Drug infused Al2O3-bioactive glass coatings toward the cure of orthopedic infection

• Published in: Progress in biomaterials Vol. 11; no. 1; pp. 79 - 94
• Main Authors: Bargavi, P., Chandran, R. Riju, Durgalakshmi, D., Rajashree, P., Ramya, R., Balakumar, S.
• Format: Journal Article
• Language: English
• Published: Berlin/Heidelberg Springer Berlin Heidelberg 01.03.2022; Springer Nature B.V
• Subjects: Aluminum oxide; Anti-inflammatory agents; Antibacterial activity; Antibiotics; Apatite; Bioglass; Biomaterials; Biomedical materials; Body fluids; Cell proliferation; Chemistry and Materials Science; Coatings; Composite materials; Cytotoxicity; Dexamethasone; Drug delivery; Glass coatings; Inflammation; Materials Science; Minimum inhibitory concentration; Nanoparticles; Original Research; Orthopaedic implants; Orthopedics; Profilometers; Pyrolysis; Spray pyrolysis; Substrate inhibition; Titanium; Antibiotic; Spray pyrolysis; Orthopedic infection; Anti-inflammatory; Bioglass
• ISSN: 2194-0509; 2194-0517
• DOI: 10.1007/s40204-022-00181-y

A unique implant coated substrate with dual-drug-eluting system exhibiting antibacterial, anti-inflammatory, and bone regenerative capacity has been fabricated using spray pyrolysis deposition (SPD) method. Bioglass (BG) and BG-alumina (BG-Al) composites coatings with different concentrations of Al incorporated on BG network over the Cp-Ti substrate were fabricated using SPD technique. Phase purity of BG and BG-Al composites were analyzed by XRD in which Na 2 Ca 2 Si 3 O 9 and β-Na 2 Ca 4 (PO 4 ) 2 SiO 4 ) and Na 7.15 (Al 7.2 Si 8.8 O 32 ) phases were formed. Surface morphology of the coated substrates was analyzed by SEM. Uniformity of the coatings were evaluated by surface profilometer and the uniform distribution the nanoparticles were confirmed with Elemental mapping. Systematically, each apatite layer formation on coated substrate was confirmed by immersing the samples for 1, 3, and 7 days in simulated body fluid and the needle-like structure was characterized using SEM. Cumulative release of Tetracycline hydrochloride (Tet) antibiotic and Dexamethasone (Dex) anti-inflammatory drug-loaded BG-Al and BG-Al composite-coated substrate were studied for 24 h.
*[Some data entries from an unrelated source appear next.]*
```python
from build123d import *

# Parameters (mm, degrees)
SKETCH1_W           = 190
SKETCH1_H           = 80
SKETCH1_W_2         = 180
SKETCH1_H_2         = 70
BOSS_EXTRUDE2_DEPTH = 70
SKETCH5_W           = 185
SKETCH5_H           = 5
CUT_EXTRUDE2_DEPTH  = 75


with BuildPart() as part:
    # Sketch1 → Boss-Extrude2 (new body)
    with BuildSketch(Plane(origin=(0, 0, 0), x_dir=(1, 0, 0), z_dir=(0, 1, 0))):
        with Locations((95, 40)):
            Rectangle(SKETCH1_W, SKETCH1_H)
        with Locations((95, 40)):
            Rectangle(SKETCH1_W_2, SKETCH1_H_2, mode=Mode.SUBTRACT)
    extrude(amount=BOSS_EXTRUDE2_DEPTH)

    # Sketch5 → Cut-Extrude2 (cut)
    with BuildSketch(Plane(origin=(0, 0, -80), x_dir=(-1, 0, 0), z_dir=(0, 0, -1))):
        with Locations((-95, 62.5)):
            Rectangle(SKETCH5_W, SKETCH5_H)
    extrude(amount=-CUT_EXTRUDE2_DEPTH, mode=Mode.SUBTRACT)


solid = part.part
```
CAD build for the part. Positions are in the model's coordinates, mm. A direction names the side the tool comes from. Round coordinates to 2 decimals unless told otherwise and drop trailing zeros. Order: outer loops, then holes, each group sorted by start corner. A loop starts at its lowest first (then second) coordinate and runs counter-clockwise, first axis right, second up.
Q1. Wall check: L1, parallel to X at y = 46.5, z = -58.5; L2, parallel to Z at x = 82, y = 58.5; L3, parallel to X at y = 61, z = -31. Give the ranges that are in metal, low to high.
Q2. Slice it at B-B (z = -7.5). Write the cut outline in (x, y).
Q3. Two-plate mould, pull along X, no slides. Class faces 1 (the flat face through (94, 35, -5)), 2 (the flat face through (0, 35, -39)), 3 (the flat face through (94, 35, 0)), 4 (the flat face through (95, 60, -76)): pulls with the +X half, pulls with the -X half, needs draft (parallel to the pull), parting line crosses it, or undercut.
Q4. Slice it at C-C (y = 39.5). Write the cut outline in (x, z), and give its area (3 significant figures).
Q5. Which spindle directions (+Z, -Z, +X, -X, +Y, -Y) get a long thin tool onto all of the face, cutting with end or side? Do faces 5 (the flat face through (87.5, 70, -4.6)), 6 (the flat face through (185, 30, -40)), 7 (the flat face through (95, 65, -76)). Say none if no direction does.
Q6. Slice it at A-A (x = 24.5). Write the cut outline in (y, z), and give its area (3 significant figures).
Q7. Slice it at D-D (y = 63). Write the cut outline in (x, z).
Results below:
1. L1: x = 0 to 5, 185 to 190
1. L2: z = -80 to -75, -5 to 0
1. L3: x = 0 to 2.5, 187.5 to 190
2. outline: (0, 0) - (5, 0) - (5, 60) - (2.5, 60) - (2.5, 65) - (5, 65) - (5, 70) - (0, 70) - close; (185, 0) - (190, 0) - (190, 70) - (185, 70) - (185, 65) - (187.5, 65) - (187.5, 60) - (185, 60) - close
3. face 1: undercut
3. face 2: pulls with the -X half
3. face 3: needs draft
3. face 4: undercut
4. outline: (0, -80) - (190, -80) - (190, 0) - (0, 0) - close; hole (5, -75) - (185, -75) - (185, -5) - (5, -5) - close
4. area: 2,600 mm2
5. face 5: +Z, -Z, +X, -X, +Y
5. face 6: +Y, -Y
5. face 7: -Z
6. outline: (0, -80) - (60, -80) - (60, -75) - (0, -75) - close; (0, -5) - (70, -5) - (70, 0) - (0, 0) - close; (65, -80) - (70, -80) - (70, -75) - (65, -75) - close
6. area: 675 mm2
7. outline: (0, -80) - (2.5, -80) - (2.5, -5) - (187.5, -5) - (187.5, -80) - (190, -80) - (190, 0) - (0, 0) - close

Antibacterial activity of the coated substrates were evaluated by time-dependent growth inhibition and minimal inhibitory concentration (MIC) assays in which BG-Al and BG-Al composite loaded with Tet showed considerable growth inhibition against S. aureus . Osteoblast-like cells (MG-63) exhibited profound proliferation with no cytotoxic effects which was due to release of Dex drug-coated substrates. Thus, surface modification of Cp-Ti substrate with BG, BG-Al composites coatings loaded with Tet and Dex drug can be considered for post-operative orthopedic implant infection application.